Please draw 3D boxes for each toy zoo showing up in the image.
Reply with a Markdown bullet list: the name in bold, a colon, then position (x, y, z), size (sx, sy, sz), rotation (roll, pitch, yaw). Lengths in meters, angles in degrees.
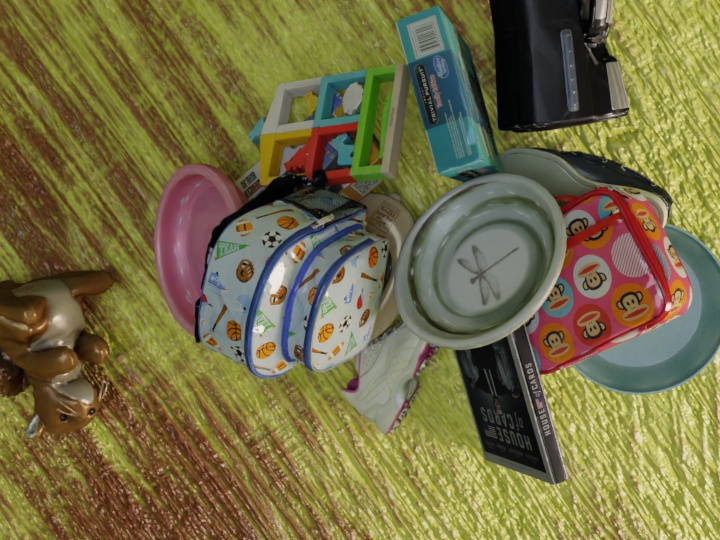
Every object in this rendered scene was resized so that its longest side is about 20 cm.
- **toy zoo**: position (-0.042, -0.157, 0.985), size (0.199, 0.020, 0.132), rotation (-3, 70, 31)

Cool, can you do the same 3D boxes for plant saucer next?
- **plant saucer**: position (0.316, 0.040, 1.005), size (0.199, 0.036, 0.201), rotation (1, 99, 9)
- **plant saucer**: position (-0.173, -0.023, 1.022), size (0.200, 0.051, 0.202), rotation (9, 102, 49)
- **plant saucer**: position (0.129, -0.004, 0.917), size (0.200, 0.200, 0.050), rotation (-42, 135, 12)

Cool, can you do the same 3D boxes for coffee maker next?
- **coffee maker**: position (0.184, -0.250, 0.939), size (0.191, 0.135, 0.201), rotation (-4, 98, 16)

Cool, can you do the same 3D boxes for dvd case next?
- **dvd case**: position (0.159, 0.131, 0.992), size (0.025, 0.150, 0.201), rotation (-18, 96, -21)

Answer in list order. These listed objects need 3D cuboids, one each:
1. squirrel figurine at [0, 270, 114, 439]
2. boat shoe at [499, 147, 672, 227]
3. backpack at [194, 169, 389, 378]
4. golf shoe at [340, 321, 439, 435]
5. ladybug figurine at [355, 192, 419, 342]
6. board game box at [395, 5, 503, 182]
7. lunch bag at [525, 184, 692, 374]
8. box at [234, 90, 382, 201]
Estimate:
- **squirrel figurine**: position (-0.402, 0.109, 1.096), size (0.199, 0.142, 0.188), rotation (0, 109, 23)
- **boat shoe**: position (0.252, -0.097, 0.978), size (0.199, 0.066, 0.075), rotation (20, 127, 32)
- **backpack**: position (-0.070, 0.020, 0.888), size (0.154, 0.190, 0.201), rotation (22, 118, 34)
- **golf shoe**: position (0.040, 0.097, 1.029), size (0.091, 0.075, 0.201), rotation (30, 112, 14)
- **ladybug figurine**: position (0.000, 0.000, 1.027), size (0.135, 0.072, 0.201), rotation (33, 102, 10)
- **board game box**: position (0.097, -0.172, 0.915), size (0.047, 0.200, 0.152), rotation (-15, 89, 15)
- **lunch bag**: position (0.230, 0.000, 0.935), size (0.200, 0.082, 0.177), rotation (-34, 73, 41)
- **box**: position (-0.067, -0.099, 1.014), size (0.200, 0.041, 0.119), rotation (-39, 56, 11)

## Exercise requirements
Provide only the number of lines above that contain the word "list".

## Result
2